Integer parsers only work with ASCII Float parsers probably the same as Integer. Bool parsers are the same as character parsers (case insensitive comparing)

Happily most (if not every) charsets are built as ASCII extension and are subsets of ASCII.

The non-wide namespaces contain overloads for wchar_t for example

Yes, and it bothers me.

Can somebody explain why? An ASCII encoded wchar_t doesn't make sense for me.

For me to, and I also has not received answer why it was done so. It is on my todo list for a long time.

The standard namepace seems to be the default

This is a thing I do not like either. The most convenient solution (and because of the issue above) is to guess a proper parser.

Because UTF-8 is compatible with ASCII means everything seems to work until you have non-ASCII characters in your input.

Yup, that's why I think it should fail at compile time, but it is only possible on distinct char8_t.

Kojoley avatar Jul 05 '20 22:07 Kojoley

Spirit will not decode your UTF-8 input. I cannot say how the things are working, moreover, from my point of view, currently Spirit allows to do a lot of wrong things, but using character parsers from any namespace with u8 literal is wrong, and should not compile in my opinion.

Agreed. These are the things that should be tightened.

What should work: decode your data into UCS-4 (it can be done on the fly via decoding iterators), and use character parsers from x3::unicode namespace (like x3::unicode::char_(0xABCDE), 'U' literals seems to be not working #573).

Yes, this is how x3::unicode is supposed to be used.

djowel avatar Jul 05 '20 22:07 djowel

Happily most (if not every) charsets are built as ASCII extension and are subsets of ASCII.

The non-wide namespaces contain overloads for wchar_t for example

Yes, and it bothers me.

Can somebody explain why? An ASCII encoded wchar_t doesn't make sense for me.

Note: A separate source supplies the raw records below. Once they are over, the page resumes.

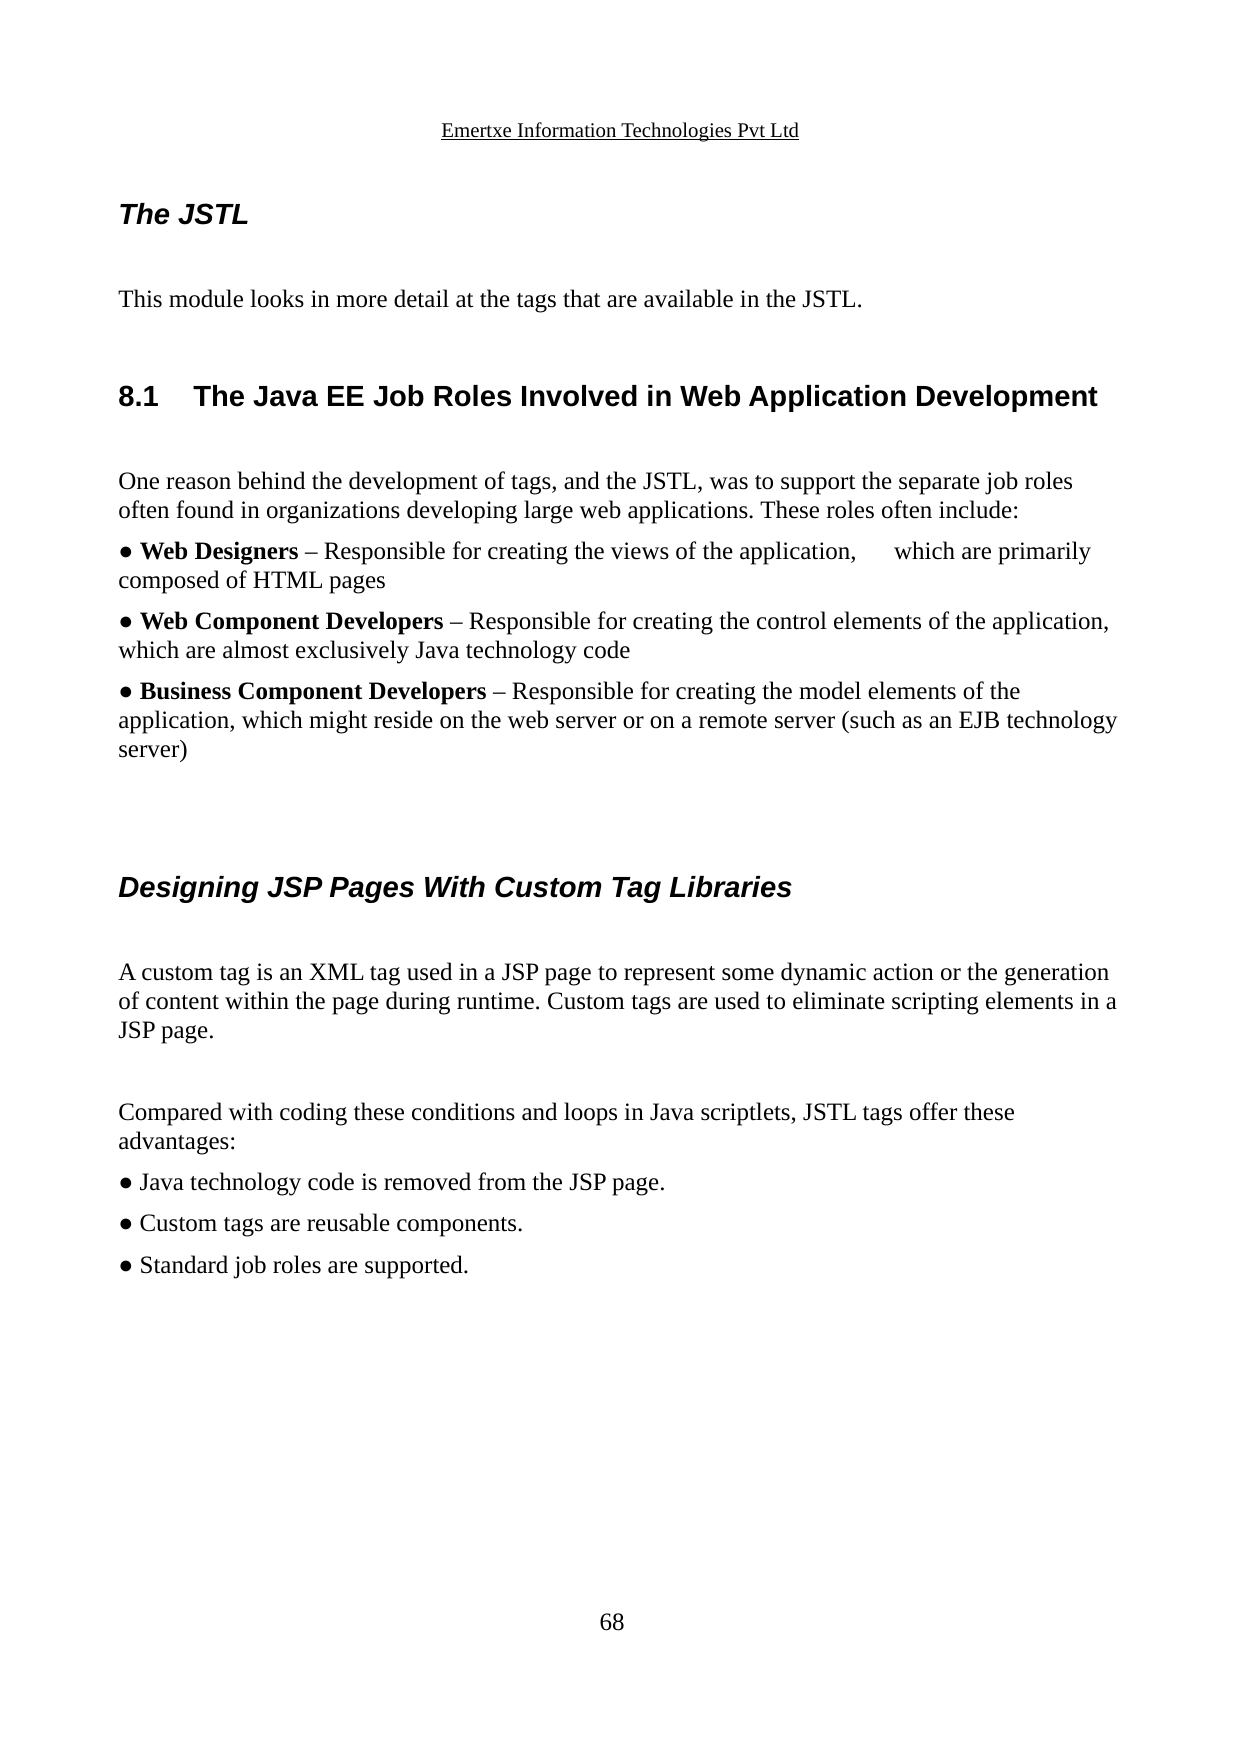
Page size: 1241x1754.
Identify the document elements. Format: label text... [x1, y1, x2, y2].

subtitle Designing JSP Pages With Custom Tag Libraries [118, 870, 1122, 903]
text ● Java technology code is removed from the JSP page. [118, 1167, 1122, 1196]
text ● Web Component Developers – Responsible for creating the control elements of the application, which are almost exclusively Java technology code [118, 606, 1122, 664]
subtitle The Java EE Job Roles Involved in Web Application Development [118, 379, 1122, 412]
text ● Business Component Developers – Responsible for creating the model elements of the application, which might reside on the web server or on a remote server (such as an EJB technology server) [118, 676, 1122, 762]
text Compared with coding these conditions and loops in Java scriptlets, JSTL tags offer these advantages: [118, 1097, 1122, 1155]
text ● Web Designers – Responsible for creating the views of the application, which are primarily composed of HTML pages [118, 536, 1122, 594]
text A custom tag is an XML tag used in a JSP page to represent some dynamic action or the generation of content within the page during runtime. Custom tags are used to eliminate scripting elements in a JSP page. [118, 957, 1122, 1043]
text ● Standard job roles are supported. [118, 1250, 1122, 1278]
text One reason behind the development of tags, and the JSTL, was to support the separate job roles often found in organizations developing large web applications. These roles often include: [118, 466, 1122, 524]
text This module looks in more detail at the tags that are available in the JSTL. [118, 284, 1122, 313]
subtitle The JSTL [118, 197, 1122, 230]
text ● Custom tags are reusable components. [118, 1208, 1122, 1237]

For me to, and I also has not received answer why it was done so. It is on my todo list for a long time.

To be honest, I do not recall anymore. @Kojoley, do you know if it is something inherited from Qi? Or is this just an X3 quirk?

djowel avatar Jul 05 '20 22:07 djowel

The standard namepace seems to be the default

This is a thing I do not like either. The most convenient solution (and because of the issue above) is to guess a proper parser.

What do you think should be default? Sorry, I am probably not parsing your statement correctly.

djowel avatar Jul 05 '20 22:07 djowel

To be honest, I do not recall anymore. @Kojoley, do you know if it is something inherited from Qi? Or is this just an X3 quirk?

Inherited from Qi.

What do you think should be default? Sorry, I am probably not parsing your statement correctly.

x3::char_(L'a') == x3::standard_wide::char_(L'a') and x3::char_(U'a') == x3::unicode::char_(U'a'). u'a' should also go into x3::unicode, I think.

Kojoley avatar Jul 05 '20 23:07 Kojoley

To be honest, I do not recall anymore. @Kojoley, do you know if it is something inherited from Qi? Or is this just an X3 quirk?

Inherited from Qi.

What do you think should be default? Sorry, I am probably not parsing your statement correctly.

x3::char_(L'a') == x3::standard_wide::char_(L'a') and x3::char_(U'a') == x3::unicode::char_(U'a'). u'a' should also go into x3::unicode, I think.

That makes a lot of sense. Let's go for it! Also, let's break away from Qi and do the right thing.

djowel avatar Jul 06 '20 01:07 djowel

I did some tests and this is a list of things I would change. Some were already mentioned.

Character classifications not working with ISO8859-1

Normally char is used for ISO8859-1 which can be signed resulting in negative code units. The char_class uses the Encoding::char_type which is char and not Encoding::classify_type which is unsigned char. It also does not always convert the template Char type to this type.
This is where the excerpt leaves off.